Liste mal deine Hardware auf und schildere wie du es bis jetzt gemacht hast ,sonst wird es schwer,weil das hier schon etwas älter ist und keiner weiß ob der Thread Ersteller das Problem jetzt gelöst hat oder nicht.
Und Willkommen im Forum


----------



## chickenhead (28. März 2018)

Hallo zusammen,
ich habe das selbe Problem. 

Kurz zur Vorgeschichte. Gebrauchter PC gekauft, Vorbesitzer hat eine Win 10 Neuinstallation vorgenommen. Hat aber die SSD Platte (120GB) in 2 Partitionen geteilt. Einmal für Windows und einmal für Programme. Die 50GB der Systempartition waren sehr schnell voll und vor einigen Wochen wollte Windows ein größeres Update installieren.

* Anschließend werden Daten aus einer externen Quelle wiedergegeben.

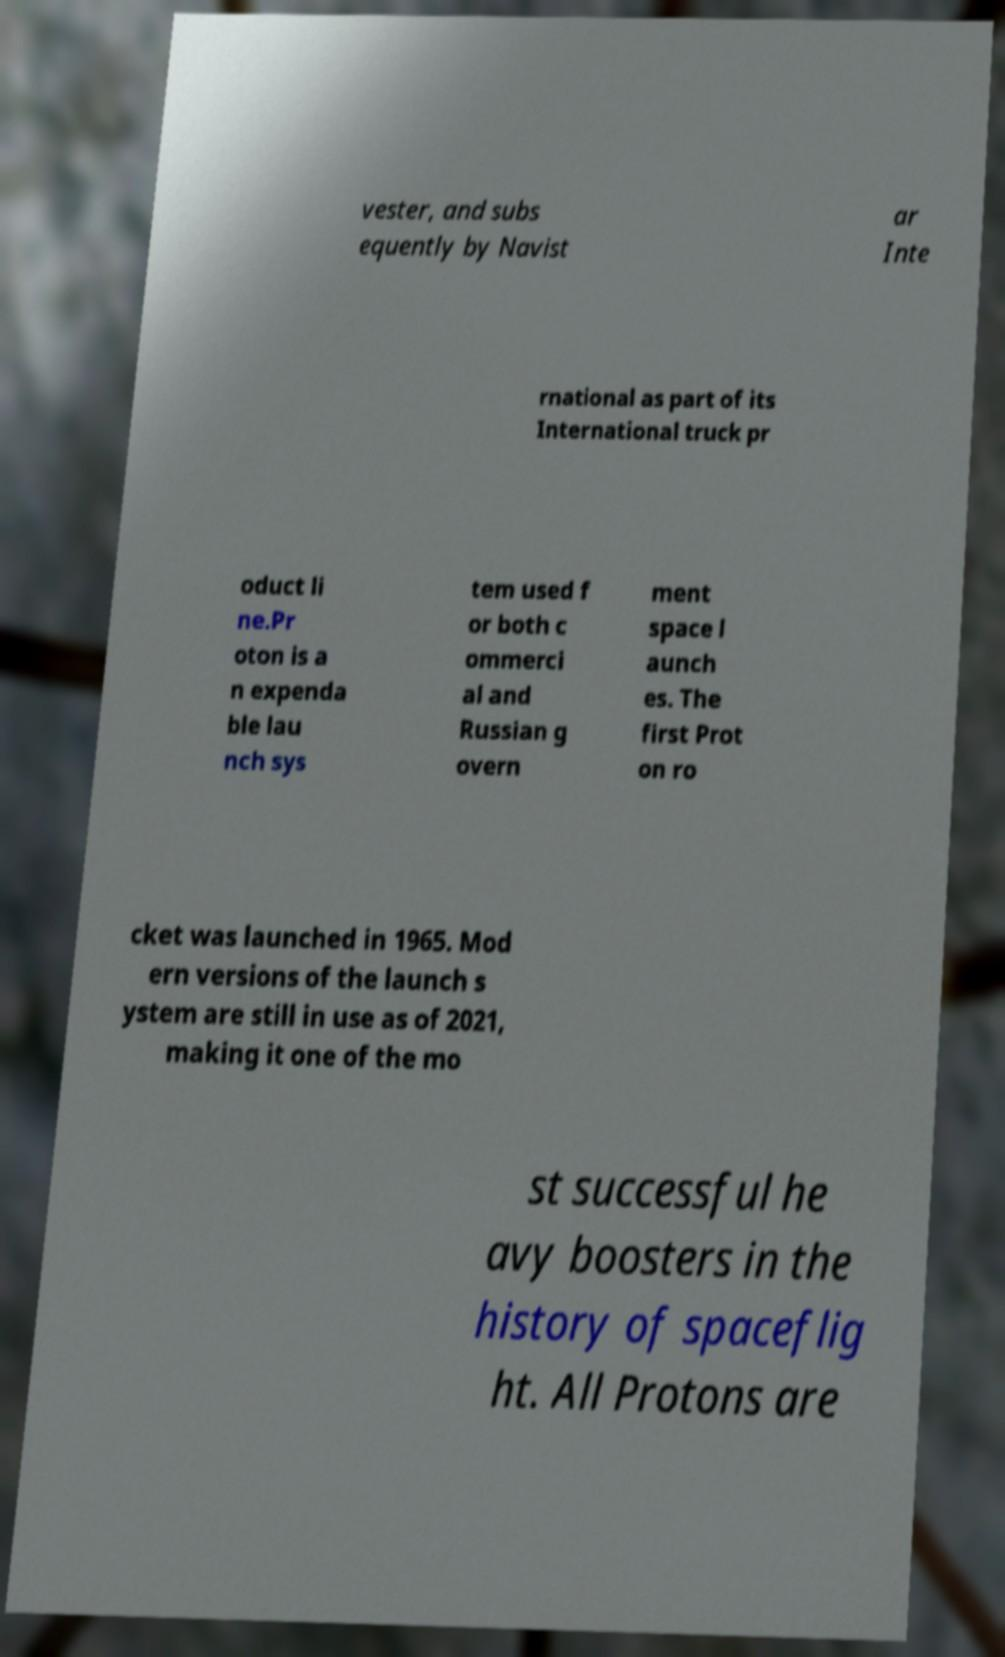What messages or text are displayed in this image? I need them in a readable, typed format. vester, and subs equently by Navist ar Inte rnational as part of its International truck pr oduct li ne.Pr oton is a n expenda ble lau nch sys tem used f or both c ommerci al and Russian g overn ment space l aunch es. The first Prot on ro cket was launched in 1965. Mod ern versions of the launch s ystem are still in use as of 2021, making it one of the mo st successful he avy boosters in the history of spaceflig ht. All Protons are 
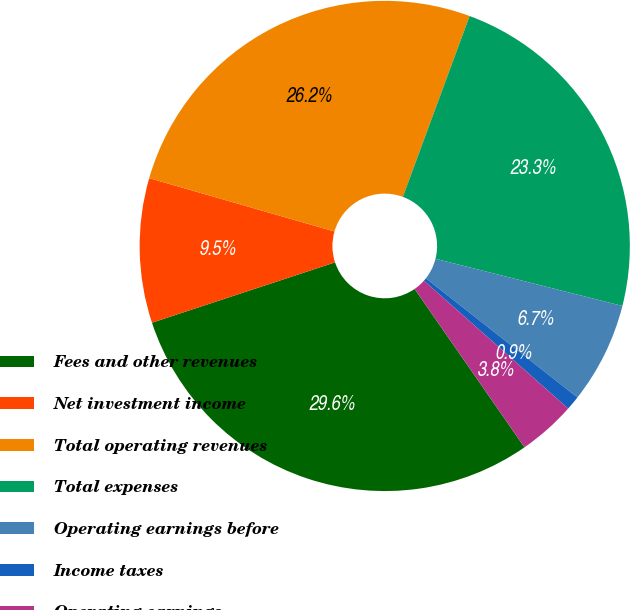Convert chart. <chart><loc_0><loc_0><loc_500><loc_500><pie_chart><fcel>Fees and other revenues<fcel>Net investment income<fcel>Total operating revenues<fcel>Total expenses<fcel>Operating earnings before<fcel>Income taxes<fcel>Operating earnings<nl><fcel>29.59%<fcel>9.53%<fcel>26.17%<fcel>23.31%<fcel>6.67%<fcel>0.94%<fcel>3.8%<nl></chart>

Das ging aber nicht, weil der Speicherplatz zu gering war. Ich habe dann eine Neue SSD gekauft und habe mit einer Freeware Win 10 auf die neue Platte umziehen lassen. Hat soweit auch funktioniert. PC lief einwandfrei. Lediglich das Update wollte immer noch nicht. Der PC hat zwar versucht up zu daten, aber blieb irgendwann immer hängen. Es war nur noch ein schwarzer Bildschirm zu sehen. Nach dem Neustart wurde Windows zurück gesetzt und es lief wieder normal. Aber immer wieder aktivierte sich der Update Assistent und lud das Update erneut herunter. Aber immer und immer wieder stürzte der PC beim Update ab. Nun wollte ich Win 10 komplett neu installieren. Nach recherche im Netz habe ich den Boot Manager runtergeladen und damit sollte dann Win 10 erneut installiert werden. 

Und genau da kommt das hier beschriebene Problem zum Vorschein. Ich komme bis zur Spracheingabe, wähle Express Einstellungen (oder auch etwas anderes), klicke auf weiter, der PC startet neu und es erscheint wieder die gleiche Auswahl. Nun wollte ich im  BIOS (UEFI) die Bootprio ändern, daich noch eine Win 10 ISO hier rumliegen habe und es damit versuchen wollte. Ich kann im BIOS aber nichts ändern. Unter Bootprio lässt sich nur die SSD auswählen. Die ist auch mit Bootmanager bezeichnet. 

Was kann ich nun noch tun? Ich hoffe ihr könnt mir helfen.


----------



## grasshopper_1975 (28. März 2018)

Hast Du den USB-Stick hiermit erstellt? (Unter ‚Tool jetzt herunterladen‘)
WindowsÂ 10 herunterladen
Wenn ja, dann sollte die die ISO nicht das Problem sein. Wenn Du dann noch deinen Stick angegeben hast, sollte soweit auch alles passen (das Tool checkt den Stickt und meckert bei Fehlern).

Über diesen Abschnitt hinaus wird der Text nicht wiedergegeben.